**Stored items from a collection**
- Opening Delimiter -

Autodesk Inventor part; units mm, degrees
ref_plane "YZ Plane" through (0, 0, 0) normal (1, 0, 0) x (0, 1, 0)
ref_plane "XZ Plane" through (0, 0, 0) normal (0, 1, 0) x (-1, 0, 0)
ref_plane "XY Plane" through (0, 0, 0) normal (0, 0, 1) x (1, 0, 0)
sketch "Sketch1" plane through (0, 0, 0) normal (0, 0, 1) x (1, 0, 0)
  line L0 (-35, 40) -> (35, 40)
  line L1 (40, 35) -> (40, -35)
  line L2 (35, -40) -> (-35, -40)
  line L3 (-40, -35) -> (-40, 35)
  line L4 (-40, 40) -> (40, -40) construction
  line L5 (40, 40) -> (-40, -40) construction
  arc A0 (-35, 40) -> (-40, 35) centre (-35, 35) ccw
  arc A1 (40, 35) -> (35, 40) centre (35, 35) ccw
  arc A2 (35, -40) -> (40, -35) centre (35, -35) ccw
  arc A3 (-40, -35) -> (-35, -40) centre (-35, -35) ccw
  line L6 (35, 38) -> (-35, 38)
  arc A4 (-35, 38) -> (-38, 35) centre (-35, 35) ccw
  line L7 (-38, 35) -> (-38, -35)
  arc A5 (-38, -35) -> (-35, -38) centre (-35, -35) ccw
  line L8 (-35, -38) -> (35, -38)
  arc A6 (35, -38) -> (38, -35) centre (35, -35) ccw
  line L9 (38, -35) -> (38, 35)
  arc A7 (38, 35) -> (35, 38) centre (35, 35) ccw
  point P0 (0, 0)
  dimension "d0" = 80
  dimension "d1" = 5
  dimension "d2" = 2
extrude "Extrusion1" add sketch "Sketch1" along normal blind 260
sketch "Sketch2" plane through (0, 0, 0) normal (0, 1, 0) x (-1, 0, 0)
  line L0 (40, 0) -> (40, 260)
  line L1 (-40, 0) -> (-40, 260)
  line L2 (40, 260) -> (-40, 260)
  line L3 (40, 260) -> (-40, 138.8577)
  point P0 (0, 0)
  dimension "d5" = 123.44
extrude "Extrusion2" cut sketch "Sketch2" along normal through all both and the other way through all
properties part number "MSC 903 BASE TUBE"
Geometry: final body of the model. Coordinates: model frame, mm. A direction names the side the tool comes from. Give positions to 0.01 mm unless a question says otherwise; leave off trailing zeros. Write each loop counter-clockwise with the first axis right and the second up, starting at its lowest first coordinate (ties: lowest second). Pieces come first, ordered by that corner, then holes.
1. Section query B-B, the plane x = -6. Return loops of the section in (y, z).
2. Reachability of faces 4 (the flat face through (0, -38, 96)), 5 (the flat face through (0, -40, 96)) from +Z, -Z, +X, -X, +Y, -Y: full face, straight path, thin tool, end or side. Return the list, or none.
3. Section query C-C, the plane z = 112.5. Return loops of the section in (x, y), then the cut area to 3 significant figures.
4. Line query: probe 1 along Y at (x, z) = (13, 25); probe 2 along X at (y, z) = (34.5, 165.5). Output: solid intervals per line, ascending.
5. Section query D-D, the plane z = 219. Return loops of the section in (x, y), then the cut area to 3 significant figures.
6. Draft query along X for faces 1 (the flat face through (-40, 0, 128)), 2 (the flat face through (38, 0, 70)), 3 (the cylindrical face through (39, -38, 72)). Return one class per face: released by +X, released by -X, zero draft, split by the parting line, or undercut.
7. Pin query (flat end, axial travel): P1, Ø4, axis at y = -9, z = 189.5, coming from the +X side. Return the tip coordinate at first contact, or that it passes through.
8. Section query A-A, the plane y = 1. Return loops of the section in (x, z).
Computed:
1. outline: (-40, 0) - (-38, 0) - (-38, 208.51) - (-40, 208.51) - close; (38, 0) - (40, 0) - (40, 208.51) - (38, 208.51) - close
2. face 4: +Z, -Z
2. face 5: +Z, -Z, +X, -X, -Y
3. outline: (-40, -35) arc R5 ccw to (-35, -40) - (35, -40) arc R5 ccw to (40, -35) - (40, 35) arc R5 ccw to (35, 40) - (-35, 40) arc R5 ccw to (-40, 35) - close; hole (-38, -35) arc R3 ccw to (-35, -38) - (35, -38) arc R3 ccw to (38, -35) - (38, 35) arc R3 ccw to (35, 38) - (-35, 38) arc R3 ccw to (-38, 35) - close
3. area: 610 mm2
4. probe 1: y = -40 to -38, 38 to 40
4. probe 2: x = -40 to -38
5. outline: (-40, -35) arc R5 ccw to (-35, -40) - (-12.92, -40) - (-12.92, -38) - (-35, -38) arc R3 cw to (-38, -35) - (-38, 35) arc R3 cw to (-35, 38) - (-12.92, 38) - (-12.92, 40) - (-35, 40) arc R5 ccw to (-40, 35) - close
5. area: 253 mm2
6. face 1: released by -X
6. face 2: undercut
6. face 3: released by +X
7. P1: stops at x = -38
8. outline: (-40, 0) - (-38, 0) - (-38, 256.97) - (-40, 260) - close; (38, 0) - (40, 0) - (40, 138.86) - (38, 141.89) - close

- Closing Delimiter -

The lines from the one with "4. probe 2: x = -40 to -38" through the end of the data above are to be set down exactly, with both boundary lines included and no other lines.

4. probe 2: x = -40 to -38
5. outline: (-40, -35) arc R5 ccw to (-35, -40) - (-12.92, -40) - (-12.92, -38) - (-35, -38) arc R3 cw to (-38, -35) - (-38, 35) arc R3 cw to (-35, 38) - (-12.92, 38) - (-12.92, 40) - (-35, 40) arc R5 ccw to (-40, 35) - close
5. area: 253 mm2
6. face 1: released by -X
6. face 2: undercut
6. face 3: released by +X
7. P1: stops at x = -38
8. outline: (-40, 0) - (-38, 0) - (-38, 256.97) - (-40, 260) - close; (38, 0) - (40, 0) - (40, 138.86) - (38, 141.89) - close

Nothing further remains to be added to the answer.